Directions: Below are some records; output exactly the lines from the line with "position: [-0.091, -0.013, 0.846]" to the line with "euler: [-15, 68, 3]", both ends kept, and nothing more.

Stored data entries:
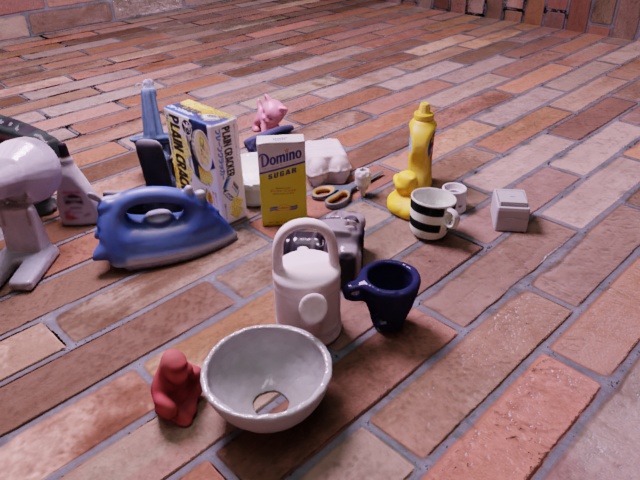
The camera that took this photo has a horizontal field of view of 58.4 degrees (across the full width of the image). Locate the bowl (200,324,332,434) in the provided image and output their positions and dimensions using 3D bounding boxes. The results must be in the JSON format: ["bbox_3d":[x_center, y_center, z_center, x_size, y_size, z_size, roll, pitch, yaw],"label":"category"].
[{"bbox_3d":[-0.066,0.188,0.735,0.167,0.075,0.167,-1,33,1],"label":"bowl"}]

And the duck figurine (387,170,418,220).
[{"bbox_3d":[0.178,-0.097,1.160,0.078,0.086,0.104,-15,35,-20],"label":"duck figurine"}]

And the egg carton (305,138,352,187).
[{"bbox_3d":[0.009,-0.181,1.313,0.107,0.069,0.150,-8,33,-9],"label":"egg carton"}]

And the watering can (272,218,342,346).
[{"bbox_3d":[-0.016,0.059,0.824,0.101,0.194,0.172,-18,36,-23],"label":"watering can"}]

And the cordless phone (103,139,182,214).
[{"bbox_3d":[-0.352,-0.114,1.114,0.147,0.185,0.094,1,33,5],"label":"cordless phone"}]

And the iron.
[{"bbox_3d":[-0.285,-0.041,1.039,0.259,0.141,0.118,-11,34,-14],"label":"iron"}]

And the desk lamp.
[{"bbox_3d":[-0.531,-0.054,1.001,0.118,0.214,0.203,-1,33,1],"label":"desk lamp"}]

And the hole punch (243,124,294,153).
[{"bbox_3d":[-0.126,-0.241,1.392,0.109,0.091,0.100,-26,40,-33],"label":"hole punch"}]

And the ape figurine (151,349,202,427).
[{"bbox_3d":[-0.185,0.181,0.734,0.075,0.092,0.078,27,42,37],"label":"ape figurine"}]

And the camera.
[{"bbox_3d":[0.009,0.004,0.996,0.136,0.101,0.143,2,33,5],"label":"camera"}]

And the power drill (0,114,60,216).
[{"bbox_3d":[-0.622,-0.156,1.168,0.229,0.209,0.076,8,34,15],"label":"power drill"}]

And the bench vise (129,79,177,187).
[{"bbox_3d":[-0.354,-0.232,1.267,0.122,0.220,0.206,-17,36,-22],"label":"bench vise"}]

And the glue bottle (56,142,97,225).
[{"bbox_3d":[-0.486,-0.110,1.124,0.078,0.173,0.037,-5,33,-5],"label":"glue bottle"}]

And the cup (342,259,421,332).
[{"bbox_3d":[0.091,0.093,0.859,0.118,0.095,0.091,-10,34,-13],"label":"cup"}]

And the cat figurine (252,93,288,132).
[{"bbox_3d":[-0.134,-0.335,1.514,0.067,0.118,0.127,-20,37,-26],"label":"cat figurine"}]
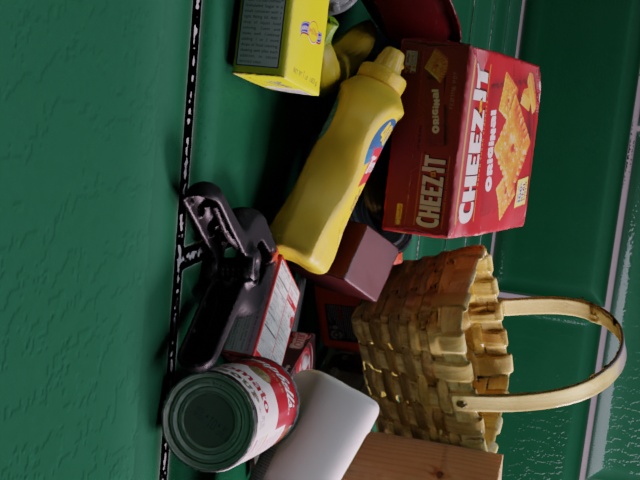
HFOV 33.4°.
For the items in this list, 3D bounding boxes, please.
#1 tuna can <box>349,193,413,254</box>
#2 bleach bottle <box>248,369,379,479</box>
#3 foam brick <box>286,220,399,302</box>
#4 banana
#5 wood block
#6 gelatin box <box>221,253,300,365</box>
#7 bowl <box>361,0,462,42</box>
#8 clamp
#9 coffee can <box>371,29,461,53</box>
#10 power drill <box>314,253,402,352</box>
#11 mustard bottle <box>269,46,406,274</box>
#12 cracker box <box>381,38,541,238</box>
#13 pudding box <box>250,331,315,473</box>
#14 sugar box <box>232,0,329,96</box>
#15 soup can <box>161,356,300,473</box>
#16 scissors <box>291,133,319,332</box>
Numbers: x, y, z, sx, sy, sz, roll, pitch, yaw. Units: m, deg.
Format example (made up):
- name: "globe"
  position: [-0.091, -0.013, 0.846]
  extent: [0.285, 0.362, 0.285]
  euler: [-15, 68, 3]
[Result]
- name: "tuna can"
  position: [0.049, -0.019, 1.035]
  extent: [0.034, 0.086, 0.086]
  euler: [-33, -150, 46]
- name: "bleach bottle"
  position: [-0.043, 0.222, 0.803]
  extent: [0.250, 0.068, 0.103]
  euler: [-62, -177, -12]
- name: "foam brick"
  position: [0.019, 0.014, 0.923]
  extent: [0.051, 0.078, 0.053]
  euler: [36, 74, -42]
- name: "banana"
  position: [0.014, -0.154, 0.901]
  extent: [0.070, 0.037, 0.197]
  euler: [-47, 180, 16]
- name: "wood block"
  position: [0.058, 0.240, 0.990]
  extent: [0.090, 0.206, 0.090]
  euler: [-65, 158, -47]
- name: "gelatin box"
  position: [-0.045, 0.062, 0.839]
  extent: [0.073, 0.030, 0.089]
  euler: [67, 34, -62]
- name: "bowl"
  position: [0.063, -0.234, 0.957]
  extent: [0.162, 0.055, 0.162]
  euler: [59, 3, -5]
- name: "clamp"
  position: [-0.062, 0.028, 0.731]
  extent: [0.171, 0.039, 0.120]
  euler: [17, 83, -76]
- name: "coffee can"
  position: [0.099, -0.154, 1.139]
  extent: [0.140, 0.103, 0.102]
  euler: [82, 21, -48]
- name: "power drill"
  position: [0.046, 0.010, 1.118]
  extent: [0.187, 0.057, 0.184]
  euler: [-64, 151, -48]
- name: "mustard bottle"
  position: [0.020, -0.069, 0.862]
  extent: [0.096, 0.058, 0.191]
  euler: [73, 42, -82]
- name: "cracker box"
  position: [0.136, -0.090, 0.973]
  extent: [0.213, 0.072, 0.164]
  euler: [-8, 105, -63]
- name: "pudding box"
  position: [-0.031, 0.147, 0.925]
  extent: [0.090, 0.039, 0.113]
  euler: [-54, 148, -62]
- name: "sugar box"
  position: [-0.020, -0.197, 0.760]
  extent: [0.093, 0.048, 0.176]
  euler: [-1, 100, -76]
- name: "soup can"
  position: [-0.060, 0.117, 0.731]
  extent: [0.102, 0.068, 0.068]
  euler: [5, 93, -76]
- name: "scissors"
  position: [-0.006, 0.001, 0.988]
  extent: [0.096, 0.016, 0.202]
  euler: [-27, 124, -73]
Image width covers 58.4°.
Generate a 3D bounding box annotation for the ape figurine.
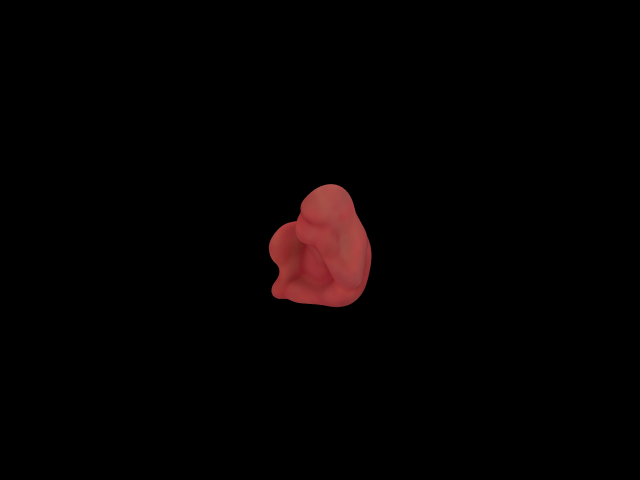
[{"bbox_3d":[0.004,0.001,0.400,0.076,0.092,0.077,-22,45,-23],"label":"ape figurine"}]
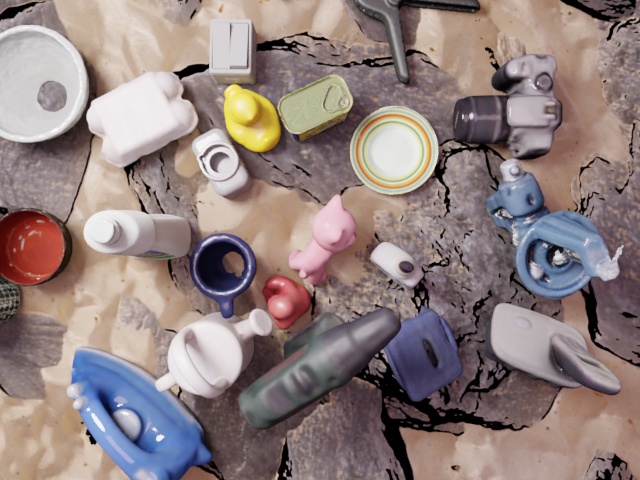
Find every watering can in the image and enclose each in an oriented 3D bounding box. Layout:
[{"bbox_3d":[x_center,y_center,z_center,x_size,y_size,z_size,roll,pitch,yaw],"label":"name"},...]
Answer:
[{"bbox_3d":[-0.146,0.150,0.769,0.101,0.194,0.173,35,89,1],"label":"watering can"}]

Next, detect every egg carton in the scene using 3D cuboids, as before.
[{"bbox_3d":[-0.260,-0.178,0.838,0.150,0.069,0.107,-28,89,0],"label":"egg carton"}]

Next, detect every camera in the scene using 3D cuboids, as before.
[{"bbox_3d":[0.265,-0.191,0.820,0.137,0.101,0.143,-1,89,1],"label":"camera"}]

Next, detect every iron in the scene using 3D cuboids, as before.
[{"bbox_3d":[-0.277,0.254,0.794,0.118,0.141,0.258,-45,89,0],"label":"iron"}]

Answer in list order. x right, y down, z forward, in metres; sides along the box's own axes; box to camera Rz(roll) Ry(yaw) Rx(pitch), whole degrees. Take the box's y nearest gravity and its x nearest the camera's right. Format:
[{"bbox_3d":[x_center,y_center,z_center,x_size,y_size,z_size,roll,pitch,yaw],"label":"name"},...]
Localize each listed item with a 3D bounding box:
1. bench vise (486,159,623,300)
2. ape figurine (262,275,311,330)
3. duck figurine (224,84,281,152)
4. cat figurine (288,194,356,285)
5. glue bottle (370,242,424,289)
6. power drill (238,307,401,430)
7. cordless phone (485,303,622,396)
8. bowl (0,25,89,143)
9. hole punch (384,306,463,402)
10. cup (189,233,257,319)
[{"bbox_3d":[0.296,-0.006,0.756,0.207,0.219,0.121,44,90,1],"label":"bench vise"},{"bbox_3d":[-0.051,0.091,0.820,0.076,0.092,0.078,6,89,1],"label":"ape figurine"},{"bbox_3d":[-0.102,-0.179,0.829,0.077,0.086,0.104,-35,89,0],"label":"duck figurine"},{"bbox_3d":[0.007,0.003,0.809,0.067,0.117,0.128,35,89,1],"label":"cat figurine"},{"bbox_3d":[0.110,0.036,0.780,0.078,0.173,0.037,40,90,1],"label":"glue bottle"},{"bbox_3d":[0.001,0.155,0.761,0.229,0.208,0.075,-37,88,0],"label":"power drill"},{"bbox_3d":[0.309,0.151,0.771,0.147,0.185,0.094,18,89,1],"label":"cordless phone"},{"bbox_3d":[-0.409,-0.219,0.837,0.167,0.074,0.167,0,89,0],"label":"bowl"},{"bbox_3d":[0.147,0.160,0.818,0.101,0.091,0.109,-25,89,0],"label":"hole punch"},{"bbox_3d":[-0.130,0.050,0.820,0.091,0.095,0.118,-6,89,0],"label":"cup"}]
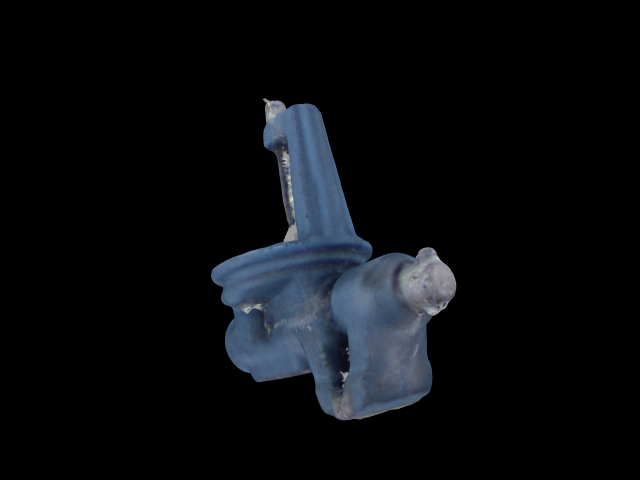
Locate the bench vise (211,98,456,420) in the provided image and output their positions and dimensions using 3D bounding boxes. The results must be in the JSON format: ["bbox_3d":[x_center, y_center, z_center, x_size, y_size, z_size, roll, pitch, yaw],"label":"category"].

Response to this task:
  position: [-0.091, -0.013, 0.846]
  extent: [0.285, 0.362, 0.285]
  euler: [-15, 68, 3]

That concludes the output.